Since the work of this article is motivated by the clinical question of proper treatment for Stage IIIB/IV NSCLC, as examined by several clinical trials conducted at the UNC Lineberger Comprehensive Cancer Center (LCCC), an important future application is to refine our model to more accurately reflect NSCLC and the associated treatment issues. The goal of this future study is to compare strategies for multiple lines of treatment for patients with advanced NSCLC who have not been treated previously with systemic therapy. In our future study we will apply reinforcement learning to discover individualized optimal regimens while restricting attention to first-line and second-line only, since there is only one approved agent (Erlotinib) indicated for third-line treatment [38].

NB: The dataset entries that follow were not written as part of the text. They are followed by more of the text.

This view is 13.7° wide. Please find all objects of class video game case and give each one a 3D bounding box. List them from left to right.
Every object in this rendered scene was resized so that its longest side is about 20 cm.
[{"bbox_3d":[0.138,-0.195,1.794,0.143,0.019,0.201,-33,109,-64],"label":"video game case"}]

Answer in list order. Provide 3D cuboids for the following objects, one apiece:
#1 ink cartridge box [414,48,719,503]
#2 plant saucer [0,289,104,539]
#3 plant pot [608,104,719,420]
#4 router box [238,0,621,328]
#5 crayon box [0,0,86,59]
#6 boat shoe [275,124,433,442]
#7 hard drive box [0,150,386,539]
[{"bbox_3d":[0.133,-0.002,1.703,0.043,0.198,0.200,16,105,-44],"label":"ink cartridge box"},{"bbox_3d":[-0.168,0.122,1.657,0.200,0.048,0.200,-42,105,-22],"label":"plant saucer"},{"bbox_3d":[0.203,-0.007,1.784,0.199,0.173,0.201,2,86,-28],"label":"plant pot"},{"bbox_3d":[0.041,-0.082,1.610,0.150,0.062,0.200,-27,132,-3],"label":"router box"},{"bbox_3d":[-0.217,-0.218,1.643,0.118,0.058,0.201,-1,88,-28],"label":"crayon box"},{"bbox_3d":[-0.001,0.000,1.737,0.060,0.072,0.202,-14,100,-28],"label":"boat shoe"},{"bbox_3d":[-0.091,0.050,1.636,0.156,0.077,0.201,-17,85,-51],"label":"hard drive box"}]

First-line treatment primarily consists of platinum-based doublets that include cisplatin, gemcitabine, pemetrexed, paclitaxel, carboplatin or vinorelbine. Numerous studies have compared these various platinum doublets, the great majority of these trials have concluded that all such regimens are comparable in their clinical efficacy. As an example, see Scagliotti et al. [39]. Their study represents the largest number of patients entered into a single phase III study using either cisplatin + gemcitabine or cisplatin + pemetrexed regimen. Noninferiority was demonstrated because the median survival time was an identical 10.3 months in each arm. In addition to platinum-based doublets, some phase III studies have examined the efficacy of various targeted therapies. Bevacizumab plus paclitaxel + carboplatin in the treatment of selected patients with NSCLC showed a significant survival benefit [40], however, with the risk of increased treatment-related deaths. Cetuximab plus cisplatin + vinorelbine demonstrated superior survival in patients with advanced EGFR-detectable NSCLC [41]. The strategies of first-line therapy are essentially based on these four targeted combination therapies, the choice depends on a number of factors, including the patient's histology type, toxicity profile, smoking history, VEGF level, EGFR expression and race [39, 40, 41].

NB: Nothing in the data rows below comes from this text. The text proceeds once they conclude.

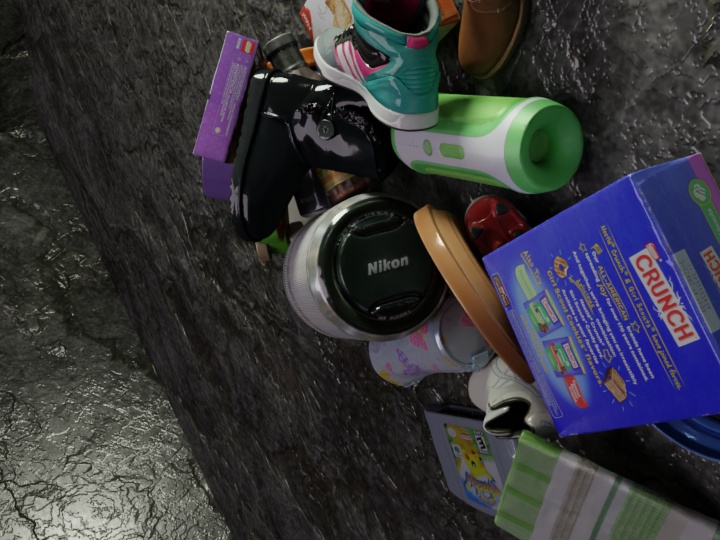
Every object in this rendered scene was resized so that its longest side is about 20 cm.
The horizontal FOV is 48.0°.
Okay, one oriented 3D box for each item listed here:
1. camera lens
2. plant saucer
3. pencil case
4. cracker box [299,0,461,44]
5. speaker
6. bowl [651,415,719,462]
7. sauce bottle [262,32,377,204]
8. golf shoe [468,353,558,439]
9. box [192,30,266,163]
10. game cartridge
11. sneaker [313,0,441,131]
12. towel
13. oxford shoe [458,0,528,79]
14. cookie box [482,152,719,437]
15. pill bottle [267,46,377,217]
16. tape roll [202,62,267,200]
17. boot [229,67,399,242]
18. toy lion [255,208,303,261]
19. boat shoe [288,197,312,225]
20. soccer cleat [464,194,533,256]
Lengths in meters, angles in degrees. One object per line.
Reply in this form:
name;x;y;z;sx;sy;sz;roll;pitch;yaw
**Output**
camera lens;0.000;0.000;0.934;0.160;0.160;0.200;71;163;-3
plant saucer;0.122;0.018;0.789;0.200;0.032;0.200;50;-166;-17
pencil case;0.082;0.087;0.970;0.200;0.083;0.091;149;117;-63
cracker box;0.013;-0.274;0.871;0.134;0.058;0.200;65;155;3
speaker;0.111;-0.123;0.760;0.200;0.088;0.089;23;128;57
bowl;0.269;0.050;0.634;0.201;0.039;0.201;42;143;43
sauce bottle;-0.051;-0.176;0.938;0.200;0.066;0.066;60;154;0
golf shoe;0.155;0.136;0.853;0.200;0.097;0.079;-13;98;65
box;-0.152;-0.198;0.965;0.200;0.039;0.137;-118;46;-81
game cartridge;0.155;0.236;0.996;0.200;0.040;0.134;-10;103;64
sneaker;0.013;-0.224;0.760;0.200;0.083;0.121;48;144;44
towel;0.232;0.238;0.764;0.200;0.031;0.150;25;132;21
oxford shoe;0.105;-0.252;0.698;0.071;0.071;0.200;48;149;34
cookie box;0.202;0.030;0.617;0.172;0.075;0.200;67;154;6
pill bottle;-0.055;-0.176;1.024;0.106;0.106;0.201;-6;102;64
tape roll;-0.180;-0.202;1.176;0.200;0.065;0.201;-173;90;-87
boot;-0.047;-0.115;0.872;0.168;0.076;0.201;14;100;22
toy lion;-0.119;-0.117;1.050;0.192;0.068;0.201;77;-174;-60
boat shoe;-0.042;-0.062;1.134;0.202;0.060;0.072;32;98;49
soccer cleat;0.171;0.010;0.774;0.200;0.069;0.085;51;-165;0

There are three agents approved for treating patients in a second-line regimen: docetaxel, pemetrexed, and erlotinib. Similar to the first-line regimen, these agents appear to have similar efficacies in terms of response and overall survival, but have significantly different toxicity profiles. The choice of agent also depends on many factors, including the patient's number of prior regimens, response to prior chemotherapy, the risk for neutropenia, EGFR expression, and patient preference [42, 43, 44, 45].

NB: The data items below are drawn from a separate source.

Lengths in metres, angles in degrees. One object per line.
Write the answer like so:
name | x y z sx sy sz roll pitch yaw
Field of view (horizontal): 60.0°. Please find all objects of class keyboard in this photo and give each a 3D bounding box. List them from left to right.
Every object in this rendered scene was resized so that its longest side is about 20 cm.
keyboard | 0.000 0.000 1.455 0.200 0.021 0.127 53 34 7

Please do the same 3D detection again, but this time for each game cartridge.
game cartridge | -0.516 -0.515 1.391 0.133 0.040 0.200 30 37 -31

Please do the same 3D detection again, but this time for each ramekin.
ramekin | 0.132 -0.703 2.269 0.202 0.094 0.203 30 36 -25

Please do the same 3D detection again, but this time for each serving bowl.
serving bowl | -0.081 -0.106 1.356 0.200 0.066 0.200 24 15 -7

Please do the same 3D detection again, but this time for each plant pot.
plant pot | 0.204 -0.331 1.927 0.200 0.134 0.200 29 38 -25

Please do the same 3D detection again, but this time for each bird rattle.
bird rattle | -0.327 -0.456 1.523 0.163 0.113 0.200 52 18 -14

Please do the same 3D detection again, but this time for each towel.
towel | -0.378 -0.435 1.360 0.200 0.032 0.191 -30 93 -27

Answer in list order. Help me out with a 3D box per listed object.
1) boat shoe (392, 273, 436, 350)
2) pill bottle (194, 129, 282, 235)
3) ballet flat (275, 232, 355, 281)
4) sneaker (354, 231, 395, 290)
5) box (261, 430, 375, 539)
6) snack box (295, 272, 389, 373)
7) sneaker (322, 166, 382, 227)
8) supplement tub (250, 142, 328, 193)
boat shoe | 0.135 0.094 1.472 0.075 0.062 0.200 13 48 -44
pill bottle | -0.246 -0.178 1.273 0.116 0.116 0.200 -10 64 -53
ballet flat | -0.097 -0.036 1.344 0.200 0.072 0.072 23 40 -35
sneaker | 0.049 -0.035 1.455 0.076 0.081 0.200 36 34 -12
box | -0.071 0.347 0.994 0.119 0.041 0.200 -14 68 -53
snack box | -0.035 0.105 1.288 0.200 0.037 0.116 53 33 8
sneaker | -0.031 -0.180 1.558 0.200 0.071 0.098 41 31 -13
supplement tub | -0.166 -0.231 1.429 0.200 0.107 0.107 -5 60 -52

Due to the complexity of the biomarkers and unclear toxicities, the trial described here was motivated by the desire to compare those agents in a randomized fashion, and the belief that different combinations given between first-line and second-line may have interactive effects. Another very important factor omitted from the cancer treatment model given in this paper is the potentially enormous difference between reversible and irreversible toxicity. This difference will need to be incorporated in future studies on this topic. Despite the difficulty of discovering superior therapies, another primary challenge is to determine the optimal second-line regimen's starting time, either immediate or delayed after induction therapy, having the highest overall survival probability. Although Fidias et al. [44] provided some results to suggest that an immediate transition to second-line therapy may be optimal, whether these findings are specific to docetaxel or would hold true for other common second-line options such as pemetrexed or erlotinib remains unknown. Hence, optimal timing of second-line therapy with a non-cross-resistant agent is an important issue and still remains unclear. Furthermore, including biomarkers as covariates to assess possible effects, such as biomarker treatment interactions and biomarker second-line-timing interactions, is potentially useful. In our future research, a better understanding of prognostic factors is needed, and this may lead us to discover better individualized therapies using reinforcement learning. In addition to developing new treatments for non-small cell lung cancer, there is significant potential of the proposed strategy for developing personalized treatment strategies in other cancers, in cystic fibrosis, and in other acute and chronic diseases.